[[ RECORDS SHOWN, beginning ]]
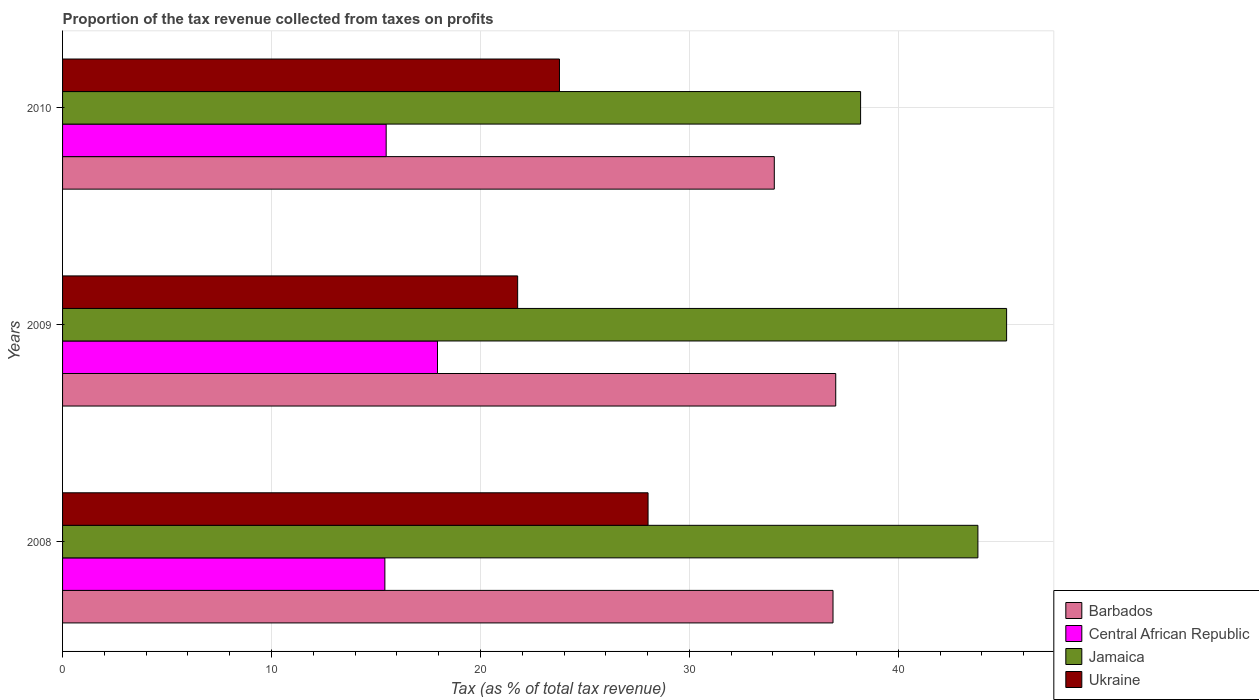How many different coloured bars are there?
Provide a short and direct response. 4. Are the number of bars on each tick of the Y-axis equal?
Your response must be concise. Yes. What is the label of the 3rd group of bars from the top?
Your answer should be very brief. 2008. In how many cases, is the number of bars for a given year not equal to the number of legend labels?
Keep it short and to the point. 0. What is the proportion of the tax revenue collected in Ukraine in 2009?
Your response must be concise. 21.78. Across all years, what is the maximum proportion of the tax revenue collected in Barbados?
Your response must be concise. 37.01. Across all years, what is the minimum proportion of the tax revenue collected in Ukraine?
Your response must be concise. 21.78. In which year was the proportion of the tax revenue collected in Jamaica minimum?
Make the answer very short. 2010. What is the total proportion of the tax revenue collected in Jamaica in the graph?
Your answer should be very brief. 127.19. What is the difference between the proportion of the tax revenue collected in Central African Republic in 2008 and that in 2009?
Give a very brief answer. -2.52. What is the difference between the proportion of the tax revenue collected in Central African Republic in 2010 and the proportion of the tax revenue collected in Jamaica in 2009?
Provide a short and direct response. -29.7. What is the average proportion of the tax revenue collected in Ukraine per year?
Your response must be concise. 24.53. In the year 2008, what is the difference between the proportion of the tax revenue collected in Ukraine and proportion of the tax revenue collected in Central African Republic?
Offer a terse response. 12.6. What is the ratio of the proportion of the tax revenue collected in Barbados in 2009 to that in 2010?
Make the answer very short. 1.09. Is the proportion of the tax revenue collected in Ukraine in 2009 less than that in 2010?
Your answer should be compact. Yes. What is the difference between the highest and the second highest proportion of the tax revenue collected in Barbados?
Provide a short and direct response. 0.13. What is the difference between the highest and the lowest proportion of the tax revenue collected in Ukraine?
Provide a succinct answer. 6.24. In how many years, is the proportion of the tax revenue collected in Ukraine greater than the average proportion of the tax revenue collected in Ukraine taken over all years?
Provide a succinct answer. 1. What does the 1st bar from the top in 2009 represents?
Keep it short and to the point. Ukraine. What does the 4th bar from the bottom in 2010 represents?
Make the answer very short. Ukraine. Is it the case that in every year, the sum of the proportion of the tax revenue collected in Barbados and proportion of the tax revenue collected in Jamaica is greater than the proportion of the tax revenue collected in Ukraine?
Your answer should be very brief. Yes. How many bars are there?
Offer a very short reply. 12. Are all the bars in the graph horizontal?
Your response must be concise. Yes. What is the title of the graph?
Your answer should be compact. Proportion of the tax revenue collected from taxes on profits. Does "Bolivia" appear as one of the legend labels in the graph?
Your response must be concise. No. What is the label or title of the X-axis?
Your response must be concise. Tax (as % of total tax revenue). What is the Tax (as % of total tax revenue) in Barbados in 2008?
Your answer should be compact. 36.88. What is the Tax (as % of total tax revenue) of Central African Republic in 2008?
Your response must be concise. 15.43. What is the Tax (as % of total tax revenue) in Jamaica in 2008?
Provide a short and direct response. 43.81. What is the Tax (as % of total tax revenue) in Ukraine in 2008?
Offer a terse response. 28.02. What is the Tax (as % of total tax revenue) in Barbados in 2009?
Your answer should be compact. 37.01. What is the Tax (as % of total tax revenue) in Central African Republic in 2009?
Your answer should be compact. 17.95. What is the Tax (as % of total tax revenue) of Jamaica in 2009?
Your answer should be very brief. 45.18. What is the Tax (as % of total tax revenue) of Ukraine in 2009?
Offer a terse response. 21.78. What is the Tax (as % of total tax revenue) in Barbados in 2010?
Your response must be concise. 34.07. What is the Tax (as % of total tax revenue) of Central African Republic in 2010?
Provide a succinct answer. 15.49. What is the Tax (as % of total tax revenue) in Jamaica in 2010?
Your answer should be very brief. 38.2. What is the Tax (as % of total tax revenue) of Ukraine in 2010?
Make the answer very short. 23.78. Across all years, what is the maximum Tax (as % of total tax revenue) in Barbados?
Your answer should be very brief. 37.01. Across all years, what is the maximum Tax (as % of total tax revenue) in Central African Republic?
Provide a succinct answer. 17.95. Across all years, what is the maximum Tax (as % of total tax revenue) of Jamaica?
Provide a short and direct response. 45.18. Across all years, what is the maximum Tax (as % of total tax revenue) in Ukraine?
Give a very brief answer. 28.02. Across all years, what is the minimum Tax (as % of total tax revenue) in Barbados?
Provide a short and direct response. 34.07. Across all years, what is the minimum Tax (as % of total tax revenue) of Central African Republic?
Ensure brevity in your answer.  15.43. Across all years, what is the minimum Tax (as % of total tax revenue) in Jamaica?
Provide a succinct answer. 38.2. Across all years, what is the minimum Tax (as % of total tax revenue) of Ukraine?
Offer a very short reply. 21.78. What is the total Tax (as % of total tax revenue) of Barbados in the graph?
Keep it short and to the point. 107.95. What is the total Tax (as % of total tax revenue) in Central African Republic in the graph?
Your answer should be very brief. 48.86. What is the total Tax (as % of total tax revenue) in Jamaica in the graph?
Offer a very short reply. 127.19. What is the total Tax (as % of total tax revenue) of Ukraine in the graph?
Your answer should be compact. 73.59. What is the difference between the Tax (as % of total tax revenue) of Barbados in 2008 and that in 2009?
Your answer should be compact. -0.13. What is the difference between the Tax (as % of total tax revenue) in Central African Republic in 2008 and that in 2009?
Your answer should be very brief. -2.52. What is the difference between the Tax (as % of total tax revenue) of Jamaica in 2008 and that in 2009?
Offer a very short reply. -1.37. What is the difference between the Tax (as % of total tax revenue) of Ukraine in 2008 and that in 2009?
Provide a short and direct response. 6.24. What is the difference between the Tax (as % of total tax revenue) in Barbados in 2008 and that in 2010?
Make the answer very short. 2.81. What is the difference between the Tax (as % of total tax revenue) in Central African Republic in 2008 and that in 2010?
Provide a succinct answer. -0.06. What is the difference between the Tax (as % of total tax revenue) in Jamaica in 2008 and that in 2010?
Offer a terse response. 5.61. What is the difference between the Tax (as % of total tax revenue) of Ukraine in 2008 and that in 2010?
Ensure brevity in your answer.  4.24. What is the difference between the Tax (as % of total tax revenue) in Barbados in 2009 and that in 2010?
Give a very brief answer. 2.94. What is the difference between the Tax (as % of total tax revenue) of Central African Republic in 2009 and that in 2010?
Your answer should be very brief. 2.46. What is the difference between the Tax (as % of total tax revenue) in Jamaica in 2009 and that in 2010?
Make the answer very short. 6.99. What is the difference between the Tax (as % of total tax revenue) in Ukraine in 2009 and that in 2010?
Provide a short and direct response. -2. What is the difference between the Tax (as % of total tax revenue) of Barbados in 2008 and the Tax (as % of total tax revenue) of Central African Republic in 2009?
Give a very brief answer. 18.93. What is the difference between the Tax (as % of total tax revenue) of Barbados in 2008 and the Tax (as % of total tax revenue) of Jamaica in 2009?
Provide a short and direct response. -8.31. What is the difference between the Tax (as % of total tax revenue) in Barbados in 2008 and the Tax (as % of total tax revenue) in Ukraine in 2009?
Offer a very short reply. 15.09. What is the difference between the Tax (as % of total tax revenue) in Central African Republic in 2008 and the Tax (as % of total tax revenue) in Jamaica in 2009?
Ensure brevity in your answer.  -29.76. What is the difference between the Tax (as % of total tax revenue) in Central African Republic in 2008 and the Tax (as % of total tax revenue) in Ukraine in 2009?
Offer a terse response. -6.35. What is the difference between the Tax (as % of total tax revenue) in Jamaica in 2008 and the Tax (as % of total tax revenue) in Ukraine in 2009?
Provide a succinct answer. 22.03. What is the difference between the Tax (as % of total tax revenue) of Barbados in 2008 and the Tax (as % of total tax revenue) of Central African Republic in 2010?
Your response must be concise. 21.39. What is the difference between the Tax (as % of total tax revenue) in Barbados in 2008 and the Tax (as % of total tax revenue) in Jamaica in 2010?
Your response must be concise. -1.32. What is the difference between the Tax (as % of total tax revenue) of Barbados in 2008 and the Tax (as % of total tax revenue) of Ukraine in 2010?
Provide a short and direct response. 13.09. What is the difference between the Tax (as % of total tax revenue) of Central African Republic in 2008 and the Tax (as % of total tax revenue) of Jamaica in 2010?
Provide a succinct answer. -22.77. What is the difference between the Tax (as % of total tax revenue) in Central African Republic in 2008 and the Tax (as % of total tax revenue) in Ukraine in 2010?
Your answer should be very brief. -8.36. What is the difference between the Tax (as % of total tax revenue) of Jamaica in 2008 and the Tax (as % of total tax revenue) of Ukraine in 2010?
Provide a succinct answer. 20.03. What is the difference between the Tax (as % of total tax revenue) of Barbados in 2009 and the Tax (as % of total tax revenue) of Central African Republic in 2010?
Offer a terse response. 21.52. What is the difference between the Tax (as % of total tax revenue) of Barbados in 2009 and the Tax (as % of total tax revenue) of Jamaica in 2010?
Keep it short and to the point. -1.19. What is the difference between the Tax (as % of total tax revenue) of Barbados in 2009 and the Tax (as % of total tax revenue) of Ukraine in 2010?
Make the answer very short. 13.22. What is the difference between the Tax (as % of total tax revenue) of Central African Republic in 2009 and the Tax (as % of total tax revenue) of Jamaica in 2010?
Your answer should be very brief. -20.25. What is the difference between the Tax (as % of total tax revenue) in Central African Republic in 2009 and the Tax (as % of total tax revenue) in Ukraine in 2010?
Make the answer very short. -5.84. What is the difference between the Tax (as % of total tax revenue) in Jamaica in 2009 and the Tax (as % of total tax revenue) in Ukraine in 2010?
Offer a terse response. 21.4. What is the average Tax (as % of total tax revenue) in Barbados per year?
Your answer should be compact. 35.98. What is the average Tax (as % of total tax revenue) of Central African Republic per year?
Provide a short and direct response. 16.29. What is the average Tax (as % of total tax revenue) in Jamaica per year?
Give a very brief answer. 42.4. What is the average Tax (as % of total tax revenue) of Ukraine per year?
Give a very brief answer. 24.53. In the year 2008, what is the difference between the Tax (as % of total tax revenue) in Barbados and Tax (as % of total tax revenue) in Central African Republic?
Provide a short and direct response. 21.45. In the year 2008, what is the difference between the Tax (as % of total tax revenue) of Barbados and Tax (as % of total tax revenue) of Jamaica?
Provide a succinct answer. -6.93. In the year 2008, what is the difference between the Tax (as % of total tax revenue) of Barbados and Tax (as % of total tax revenue) of Ukraine?
Make the answer very short. 8.85. In the year 2008, what is the difference between the Tax (as % of total tax revenue) in Central African Republic and Tax (as % of total tax revenue) in Jamaica?
Offer a very short reply. -28.38. In the year 2008, what is the difference between the Tax (as % of total tax revenue) of Central African Republic and Tax (as % of total tax revenue) of Ukraine?
Provide a short and direct response. -12.6. In the year 2008, what is the difference between the Tax (as % of total tax revenue) of Jamaica and Tax (as % of total tax revenue) of Ukraine?
Your response must be concise. 15.79. In the year 2009, what is the difference between the Tax (as % of total tax revenue) of Barbados and Tax (as % of total tax revenue) of Central African Republic?
Ensure brevity in your answer.  19.06. In the year 2009, what is the difference between the Tax (as % of total tax revenue) in Barbados and Tax (as % of total tax revenue) in Jamaica?
Make the answer very short. -8.18. In the year 2009, what is the difference between the Tax (as % of total tax revenue) in Barbados and Tax (as % of total tax revenue) in Ukraine?
Keep it short and to the point. 15.22. In the year 2009, what is the difference between the Tax (as % of total tax revenue) of Central African Republic and Tax (as % of total tax revenue) of Jamaica?
Provide a succinct answer. -27.24. In the year 2009, what is the difference between the Tax (as % of total tax revenue) in Central African Republic and Tax (as % of total tax revenue) in Ukraine?
Give a very brief answer. -3.84. In the year 2009, what is the difference between the Tax (as % of total tax revenue) of Jamaica and Tax (as % of total tax revenue) of Ukraine?
Keep it short and to the point. 23.4. In the year 2010, what is the difference between the Tax (as % of total tax revenue) in Barbados and Tax (as % of total tax revenue) in Central African Republic?
Your response must be concise. 18.58. In the year 2010, what is the difference between the Tax (as % of total tax revenue) in Barbados and Tax (as % of total tax revenue) in Jamaica?
Your answer should be very brief. -4.13. In the year 2010, what is the difference between the Tax (as % of total tax revenue) of Barbados and Tax (as % of total tax revenue) of Ukraine?
Provide a succinct answer. 10.28. In the year 2010, what is the difference between the Tax (as % of total tax revenue) of Central African Republic and Tax (as % of total tax revenue) of Jamaica?
Offer a terse response. -22.71. In the year 2010, what is the difference between the Tax (as % of total tax revenue) in Central African Republic and Tax (as % of total tax revenue) in Ukraine?
Provide a succinct answer. -8.29. In the year 2010, what is the difference between the Tax (as % of total tax revenue) of Jamaica and Tax (as % of total tax revenue) of Ukraine?
Provide a succinct answer. 14.41. What is the ratio of the Tax (as % of total tax revenue) in Central African Republic in 2008 to that in 2009?
Your response must be concise. 0.86. What is the ratio of the Tax (as % of total tax revenue) of Jamaica in 2008 to that in 2009?
Your response must be concise. 0.97. What is the ratio of the Tax (as % of total tax revenue) of Ukraine in 2008 to that in 2009?
Give a very brief answer. 1.29. What is the ratio of the Tax (as % of total tax revenue) in Barbados in 2008 to that in 2010?
Provide a short and direct response. 1.08. What is the ratio of the Tax (as % of total tax revenue) of Jamaica in 2008 to that in 2010?
Provide a short and direct response. 1.15. What is the ratio of the Tax (as % of total tax revenue) in Ukraine in 2008 to that in 2010?
Ensure brevity in your answer.  1.18. What is the ratio of the Tax (as % of total tax revenue) of Barbados in 2009 to that in 2010?
Keep it short and to the point. 1.09. What is the ratio of the Tax (as % of total tax revenue) in Central African Republic in 2009 to that in 2010?
Provide a succinct answer. 1.16. What is the ratio of the Tax (as % of total tax revenue) of Jamaica in 2009 to that in 2010?
Your answer should be very brief. 1.18. What is the ratio of the Tax (as % of total tax revenue) of Ukraine in 2009 to that in 2010?
Ensure brevity in your answer.  0.92. What is the difference between the highest and the second highest Tax (as % of total tax revenue) in Barbados?
Provide a succinct answer. 0.13. What is the difference between the highest and the second highest Tax (as % of total tax revenue) of Central African Republic?
Ensure brevity in your answer.  2.46. What is the difference between the highest and the second highest Tax (as % of total tax revenue) of Jamaica?
Provide a succinct answer. 1.37. What is the difference between the highest and the second highest Tax (as % of total tax revenue) of Ukraine?
Make the answer very short. 4.24. What is the difference between the highest and the lowest Tax (as % of total tax revenue) in Barbados?
Offer a very short reply. 2.94. What is the difference between the highest and the lowest Tax (as % of total tax revenue) of Central African Republic?
Your answer should be compact. 2.52. What is the difference between the highest and the lowest Tax (as % of total tax revenue) of Jamaica?
Your answer should be very brief. 6.99. What is the difference between the highest and the lowest Tax (as % of total tax revenue) in Ukraine?
Your answer should be very brief. 6.24.
[[ RECORDS SHOWN, end ]]
Return the lines exactly as they stand, from the start of the entries through the line holding "Your response must be concise. 37.01."; omit the pictures.

▶ **ANSWER TO THE PROBLEM**
How many different coloured bars are there?
Provide a short and direct response. 4. Are the number of bars on each tick of the Y-axis equal?
Your response must be concise. Yes. What is the label of the 3rd group of bars from the top?
Your answer should be very brief. 2008. In how many cases, is the number of bars for a given year not equal to the number of legend labels?
Keep it short and to the point. 0. What is the proportion of the tax revenue collected in Ukraine in 2009?
Your response must be concise. 21.78. Across all years, what is the maximum proportion of the tax revenue collected in Barbados?
Your response must be concise. 37.01. Across all years, what is the minimum proportion of the tax revenue collected in Ukraine?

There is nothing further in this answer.